Government plans to increase apprentice numbers by 2020 will fail according to training providers and businesses with training academies in England.
Many businesses say they would rather take on a migrant worker than an apprentice.
As 16 year olds prepare themselves for their GCSE results this week, research published today reveals that FE colleges and businesses believe they will struggle to recruit the numbers and quality of apprentices they need to sustain economic growth over the next five years. Education cuts, poor careers advice, and schools keeping pupils on to maintain funding, are all identified as contributing factors.
The survey, conducted by the Institute of the Motor Industry (IMI) found that the majority of training providers welcomed the Government’s ambition to increase apprenticeships to 3m but feared other policies will make it impossible to achieve.
The IMI represents the £152bn a year retail motor industry, which needs 12,000 apprentices a year to stand still.
78% of respondents said that careers advice, which has been provided in schools on an ad hoc basis since 2012, is at best unhelpful. Only 10% think advice offered by the National Careers Service has any impact on apprentice recruitment.
Anecdotal evidence collected as part of the survey points to a lack of understanding in schools of the technical and academic requirements of an apprenticeship. 84% said that most applicants do not have the required academic grades.
Most businesses reported that the “employability” of prospective trainees sent to them by schools was poor, many are saying they would rather employ migrant workers than take on an apprentice.
All respondents agreed that the current situation is set to get much worse now the education participation age has been raised to 18 in England.

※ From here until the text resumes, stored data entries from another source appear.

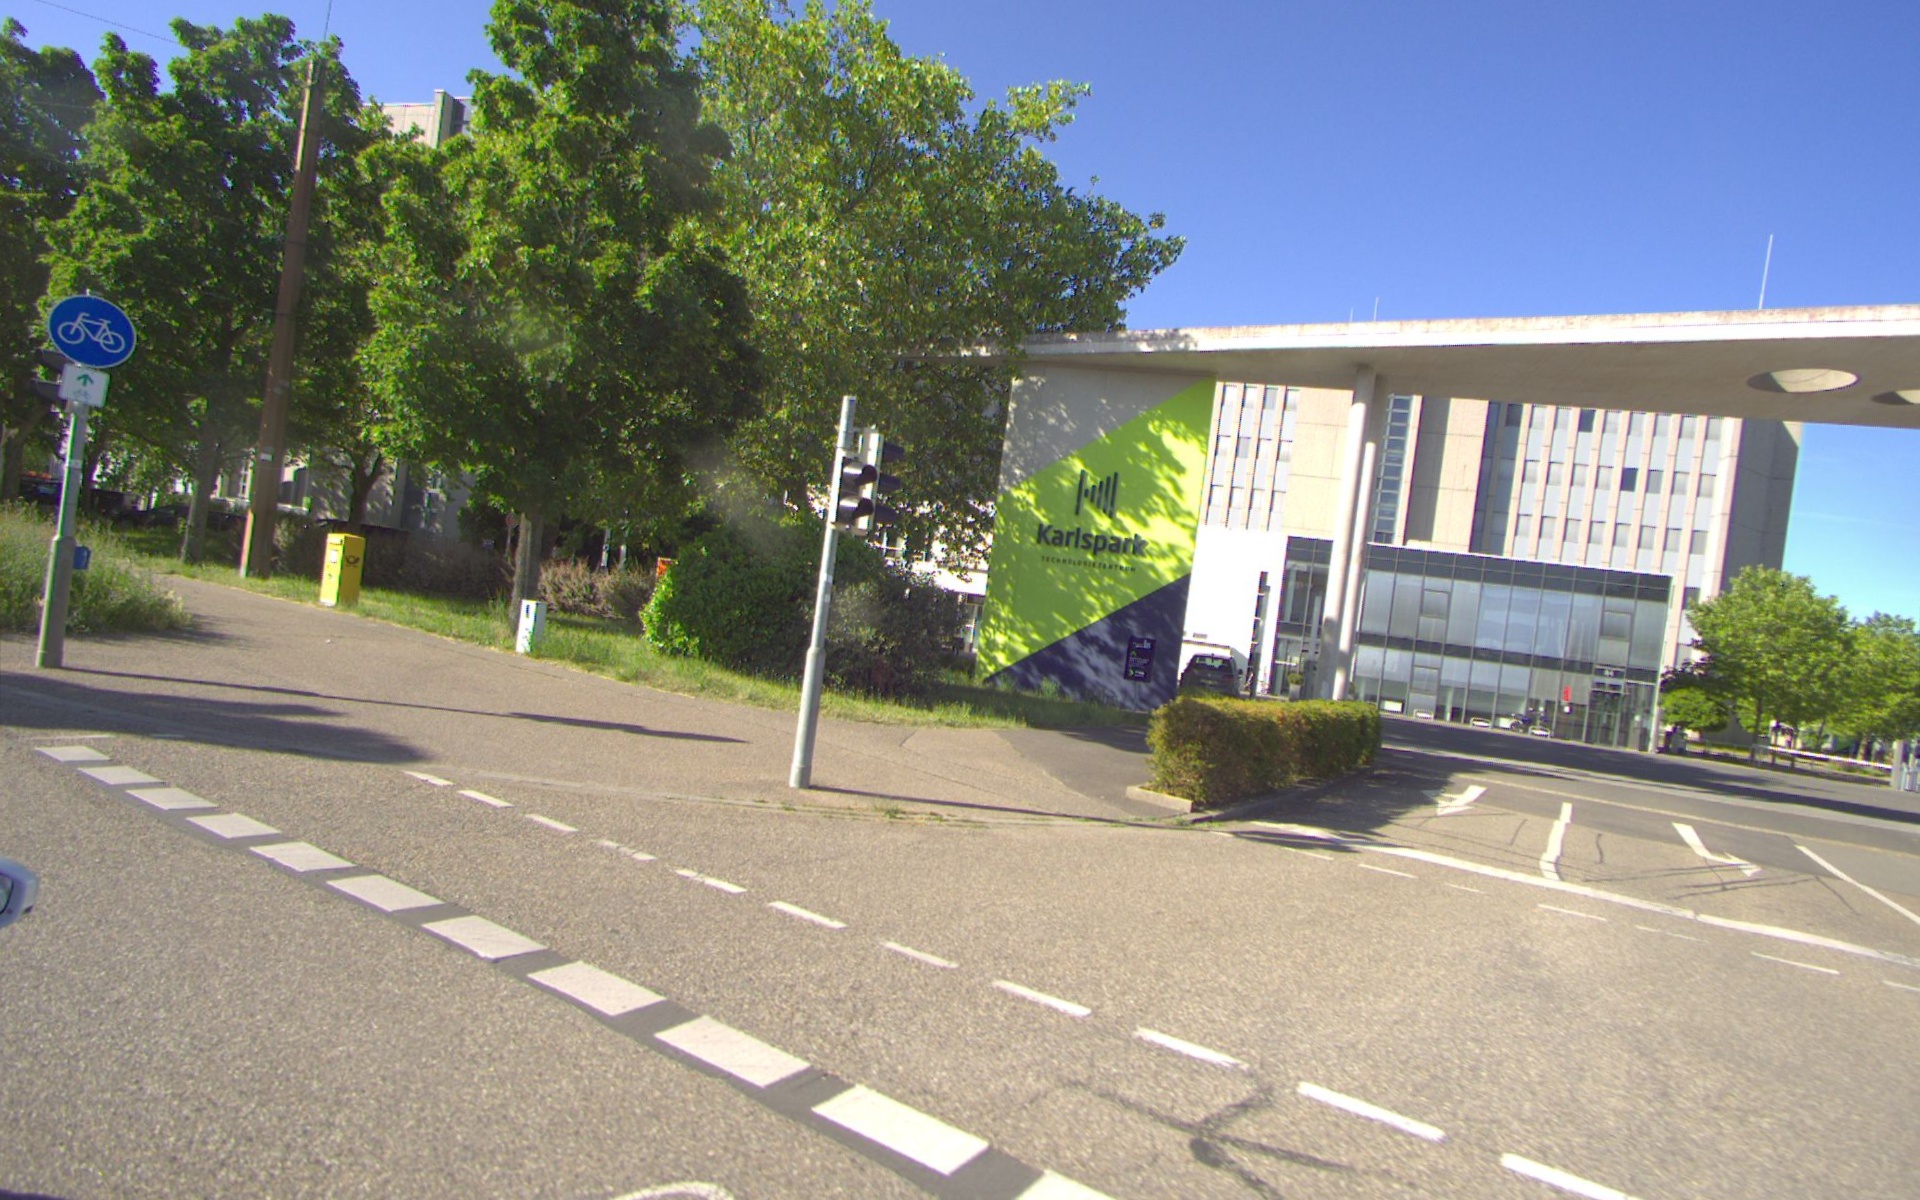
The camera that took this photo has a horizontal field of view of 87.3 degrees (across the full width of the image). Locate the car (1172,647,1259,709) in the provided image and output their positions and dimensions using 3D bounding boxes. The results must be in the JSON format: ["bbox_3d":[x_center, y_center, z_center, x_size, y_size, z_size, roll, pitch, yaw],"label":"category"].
[{"bbox_3d":[8.131,2.456,31.747,1.918,1.596,4.000,7,-2,23],"label":"car"}]

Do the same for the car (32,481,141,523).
[{"bbox_3d":[-47.763,-5.347,55.107,3.947,1.531,1.989,8,0,-23],"label":"car"}]

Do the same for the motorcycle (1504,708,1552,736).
[{"bbox_3d":[25.953,5.577,46.001,1.701,0.959,0.653,7,0,18],"label":"motorcycle"}]

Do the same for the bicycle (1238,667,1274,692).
[{"bbox_3d":[14.678,3.950,49.911,1.591,1.016,0.566,7,0,17],"label":"bicycle"}]

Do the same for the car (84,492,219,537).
[{"bbox_3d":[-39.220,-4.119,48.973,4.626,1.343,2.080,8,-1,-24],"label":"car"}]

It is not widely understood by parents or young people that this is not restricted to school, and apprentice trainers report that schools are hoarding students and withholding information about vocational training at 16.
IMI CEO, Steve Nash said, “With funding for education set to be squeezed, employers and training providers in the motor industry are voicing fears that they will lose out in the race for the best learners.
“Schools will seek to keep as many ‘paying’ students in 6th form as possible. They need only to ration information about alternatives and the already small talent pool available to fill apprenticeship vacancies will be drained.
“The Government has pledged to increase the number of apprenticeships to 3m by 2020, but with skills shortages starting to appear in every sector of the economy this looks like a conservative ambition. The leaving age problem raises serious questions over its ability to hit even this target without investing in a serious careers advice programme, which it is currently refusing to do*.”